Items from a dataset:
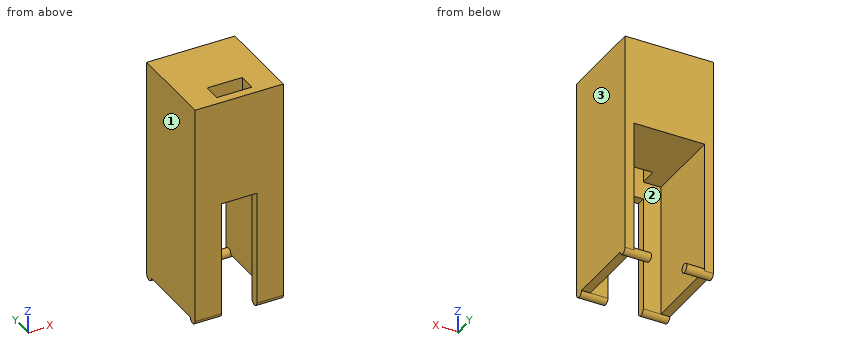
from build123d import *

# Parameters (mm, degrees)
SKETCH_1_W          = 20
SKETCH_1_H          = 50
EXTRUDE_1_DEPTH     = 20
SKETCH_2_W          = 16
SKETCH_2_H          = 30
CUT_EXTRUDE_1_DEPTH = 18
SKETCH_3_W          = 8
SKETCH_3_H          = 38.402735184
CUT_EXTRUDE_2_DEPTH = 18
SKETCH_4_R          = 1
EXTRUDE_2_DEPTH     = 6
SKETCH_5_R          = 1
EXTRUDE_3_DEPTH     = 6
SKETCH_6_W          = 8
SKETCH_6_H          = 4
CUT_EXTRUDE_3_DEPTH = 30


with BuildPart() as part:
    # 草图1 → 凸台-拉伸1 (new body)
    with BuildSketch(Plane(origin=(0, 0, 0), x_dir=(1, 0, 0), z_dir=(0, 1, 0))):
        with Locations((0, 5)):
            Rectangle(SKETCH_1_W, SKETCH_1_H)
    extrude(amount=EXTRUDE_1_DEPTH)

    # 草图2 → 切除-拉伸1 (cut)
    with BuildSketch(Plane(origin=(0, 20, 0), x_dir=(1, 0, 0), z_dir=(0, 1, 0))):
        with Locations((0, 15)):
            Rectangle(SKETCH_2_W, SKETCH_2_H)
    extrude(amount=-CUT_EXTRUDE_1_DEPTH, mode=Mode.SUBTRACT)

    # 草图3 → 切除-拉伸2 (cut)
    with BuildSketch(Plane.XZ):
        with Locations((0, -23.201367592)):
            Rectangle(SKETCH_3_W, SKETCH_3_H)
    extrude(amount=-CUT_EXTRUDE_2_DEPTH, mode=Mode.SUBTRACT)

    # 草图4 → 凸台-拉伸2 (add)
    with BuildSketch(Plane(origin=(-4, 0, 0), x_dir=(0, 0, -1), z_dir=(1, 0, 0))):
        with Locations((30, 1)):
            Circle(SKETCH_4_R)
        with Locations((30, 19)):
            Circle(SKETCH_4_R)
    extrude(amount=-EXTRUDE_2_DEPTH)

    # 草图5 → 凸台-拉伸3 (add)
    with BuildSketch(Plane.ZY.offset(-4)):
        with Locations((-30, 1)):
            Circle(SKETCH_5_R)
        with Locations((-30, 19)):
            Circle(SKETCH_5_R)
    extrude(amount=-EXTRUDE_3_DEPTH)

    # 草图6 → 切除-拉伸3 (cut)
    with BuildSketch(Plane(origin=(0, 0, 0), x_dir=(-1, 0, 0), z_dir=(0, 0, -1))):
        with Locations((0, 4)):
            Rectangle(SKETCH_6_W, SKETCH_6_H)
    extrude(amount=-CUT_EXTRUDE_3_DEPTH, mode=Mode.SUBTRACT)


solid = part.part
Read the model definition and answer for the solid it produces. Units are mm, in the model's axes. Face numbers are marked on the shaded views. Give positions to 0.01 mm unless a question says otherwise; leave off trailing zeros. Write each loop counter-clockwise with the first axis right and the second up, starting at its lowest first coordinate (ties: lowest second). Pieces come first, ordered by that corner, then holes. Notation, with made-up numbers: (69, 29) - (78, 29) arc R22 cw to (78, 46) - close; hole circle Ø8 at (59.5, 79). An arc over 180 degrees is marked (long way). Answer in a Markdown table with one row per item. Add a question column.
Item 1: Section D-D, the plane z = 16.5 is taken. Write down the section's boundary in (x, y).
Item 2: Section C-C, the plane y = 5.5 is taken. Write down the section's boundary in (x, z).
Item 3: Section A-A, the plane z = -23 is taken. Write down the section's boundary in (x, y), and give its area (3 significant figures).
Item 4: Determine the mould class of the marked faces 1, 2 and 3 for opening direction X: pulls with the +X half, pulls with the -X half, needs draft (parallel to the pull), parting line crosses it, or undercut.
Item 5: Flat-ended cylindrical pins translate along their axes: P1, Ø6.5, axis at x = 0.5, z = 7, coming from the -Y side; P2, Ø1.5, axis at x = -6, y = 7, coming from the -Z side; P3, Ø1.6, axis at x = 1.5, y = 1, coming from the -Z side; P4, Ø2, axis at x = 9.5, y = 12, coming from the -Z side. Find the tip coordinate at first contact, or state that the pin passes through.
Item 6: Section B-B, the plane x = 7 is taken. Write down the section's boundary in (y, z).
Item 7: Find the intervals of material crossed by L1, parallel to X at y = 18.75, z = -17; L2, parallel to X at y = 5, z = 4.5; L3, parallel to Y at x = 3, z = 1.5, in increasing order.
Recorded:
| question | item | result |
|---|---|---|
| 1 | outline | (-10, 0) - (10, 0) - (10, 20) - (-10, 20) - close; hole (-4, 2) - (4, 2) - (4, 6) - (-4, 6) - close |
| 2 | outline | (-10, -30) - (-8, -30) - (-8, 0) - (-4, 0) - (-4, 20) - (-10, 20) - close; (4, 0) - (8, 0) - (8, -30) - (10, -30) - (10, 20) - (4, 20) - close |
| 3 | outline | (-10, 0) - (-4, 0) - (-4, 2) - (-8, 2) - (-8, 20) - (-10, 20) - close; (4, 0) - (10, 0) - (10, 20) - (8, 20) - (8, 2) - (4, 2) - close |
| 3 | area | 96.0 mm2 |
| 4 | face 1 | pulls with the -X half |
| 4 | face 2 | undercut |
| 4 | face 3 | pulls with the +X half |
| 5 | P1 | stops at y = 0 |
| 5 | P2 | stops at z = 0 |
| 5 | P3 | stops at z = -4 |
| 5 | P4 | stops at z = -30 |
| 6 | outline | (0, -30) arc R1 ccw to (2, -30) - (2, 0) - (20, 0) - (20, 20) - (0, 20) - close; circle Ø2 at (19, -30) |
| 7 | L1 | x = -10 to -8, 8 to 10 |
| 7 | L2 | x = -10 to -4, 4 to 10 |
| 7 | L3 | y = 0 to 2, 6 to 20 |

= Problem =
Every record above should be duplicated precisely, with the images removed.

= Expected output =
from build123d import *

# Parameters (mm, degrees)
SKETCH_1_W          = 20
SKETCH_1_H          = 50
EXTRUDE_1_DEPTH     = 20
SKETCH_2_W          = 16
SKETCH_2_H          = 30
CUT_EXTRUDE_1_DEPTH = 18
SKETCH_3_W          = 8
SKETCH_3_H          = 38.402735184
CUT_EXTRUDE_2_DEPTH = 18
SKETCH_4_R          = 1
EXTRUDE_2_DEPTH     = 6
SKETCH_5_R          = 1
EXTRUDE_3_DEPTH     = 6
SKETCH_6_W          = 8
SKETCH_6_H          = 4
CUT_EXTRUDE_3_DEPTH = 30


with BuildPart() as part:
    # 草图1 → 凸台-拉伸1 (new body)
    with BuildSketch(Plane(origin=(0, 0, 0), x_dir=(1, 0, 0), z_dir=(0, 1, 0))):
        with Locations((0, 5)):
            Rectangle(SKETCH_1_W, SKETCH_1_H)
    extrude(amount=EXTRUDE_1_DEPTH)

    # 草图2 → 切除-拉伸1 (cut)
    with BuildSketch(Plane(origin=(0, 20, 0), x_dir=(1, 0, 0), z_dir=(0, 1, 0))):
        with Locations((0, 15)):
            Rectangle(SKETCH_2_W, SKETCH_2_H)
    extrude(amount=-CUT_EXTRUDE_1_DEPTH, mode=Mode.SUBTRACT)

    # 草图3 → 切除-拉伸2 (cut)
    with BuildSketch(Plane.XZ):
        with Locations((0, -23.201367592)):
            Rectangle(SKETCH_3_W, SKETCH_3_H)
    extrude(amount=-CUT_EXTRUDE_2_DEPTH, mode=Mode.SUBTRACT)

    # 草图4 → 凸台-拉伸2 (add)
    with BuildSketch(Plane(origin=(-4, 0, 0), x_dir=(0, 0, -1), z_dir=(1, 0, 0))):
        with Locations((30, 1)):
            Circle(SKETCH_4_R)
        with Locations((30, 19)):
            Circle(SKETCH_4_R)
    extrude(amount=-EXTRUDE_2_DEPTH)

    # 草图5 → 凸台-拉伸3 (add)
    with BuildSketch(Plane.ZY.offset(-4)):
        with Locations((-30, 1)):
            Circle(SKETCH_5_R)
        with Locations((-30, 19)):
            Circle(SKETCH_5_R)
    extrude(amount=-EXTRUDE_3_DEPTH)

    # 草图6 → 切除-拉伸3 (cut)
    with BuildSketch(Plane(origin=(0, 0, 0), x_dir=(-1, 0, 0), z_dir=(0, 0, -1))):
        with Locations((0, 4)):
            Rectangle(SKETCH_6_W, SKETCH_6_H)
    extrude(amount=-CUT_EXTRUDE_3_DEPTH, mode=Mode.SUBTRACT)


solid = part.part
Read the model definition and answer for the solid it produces. Units are mm, in the model's axes. Face numbers are marked on the shaded views. Give positions to 0.01 mm unless a question says otherwise; leave off trailing zeros. Write each loop counter-clockwise with the first axis right and the second up, starting at its lowest first coordinate (ties: lowest second). Pieces come first, ordered by that corner, then holes. Notation, with made-up numbers: (69, 29) - (78, 29) arc R22 cw to (78, 46) - close; hole circle Ø8 at (59.5, 79). An arc over 180 degrees is marked (long way). Answer in a Markdown table with one row per item. Add a question column.
Item 1: Section D-D, the plane z = 16.5 is taken. Write down the section's boundary in (x, y).
Item 2: Section C-C, the plane y = 5.5 is taken. Write down the section's boundary in (x, z).
Item 3: Section A-A, the plane z = -23 is taken. Write down the section's boundary in (x, y), and give its area (3 significant figures).
Item 4: Determine the mould class of the marked faces 1, 2 and 3 for opening direction X: pulls with the +X half, pulls with the -X half, needs draft (parallel to the pull), parting line crosses it, or undercut.
Item 5: Flat-ended cylindrical pins translate along their axes: P1, Ø6.5, axis at x = 0.5, z = 7, coming from the -Y side; P2, Ø1.5, axis at x = -6, y = 7, coming from the -Z side; P3, Ø1.6, axis at x = 1.5, y = 1, coming from the -Z side; P4, Ø2, axis at x = 9.5, y = 12, coming from the -Z side. Find the tip coordinate at first contact, or state that the pin passes through.
Item 6: Section B-B, the plane x = 7 is taken. Write down the section's boundary in (y, z).
Item 7: Find the intervals of material crossed by L1, parallel to X at y = 18.75, z = -17; L2, parallel to X at y = 5, z = 4.5; L3, parallel to Y at x = 3, z = 1.5, in increasing order.
Recorded:
| question | item | result |
|---|---|---|
| 1 | outline | (-10, 0) - (10, 0) - (10, 20) - (-10, 20) - close; hole (-4, 2) - (4, 2) - (4, 6) - (-4, 6) - close |
| 2 | outline | (-10, -30) - (-8, -30) - (-8, 0) - (-4, 0) - (-4, 20) - (-10, 20) - close; (4, 0) - (8, 0) - (8, -30) - (10, -30) - (10, 20) - (4, 20) - close |
| 3 | outline | (-10, 0) - (-4, 0) - (-4, 2) - (-8, 2) - (-8, 20) - (-10, 20) - close; (4, 0) - (10, 0) - (10, 20) - (8, 20) - (8, 2) - (4, 2) - close |
| 3 | area | 96.0 mm2 |
| 4 | face 1 | pulls with the -X half |
| 4 | face 2 | undercut |
| 4 | face 3 | pulls with the +X half |
| 5 | P1 | stops at y = 0 |
| 5 | P2 | stops at z = 0 |
| 5 | P3 | stops at z = -4 |
| 5 | P4 | stops at z = -30 |
| 6 | outline | (0, -30) arc R1 ccw to (2, -30) - (2, 0) - (20, 0) - (20, 20) - (0, 20) - close; circle Ø2 at (19, -30) |
| 7 | L1 | x = -10 to -8, 8 to 10 |
| 7 | L2 | x = -10 to -4, 4 to 10 |
| 7 | L3 | y = 0 to 2, 6 to 20 |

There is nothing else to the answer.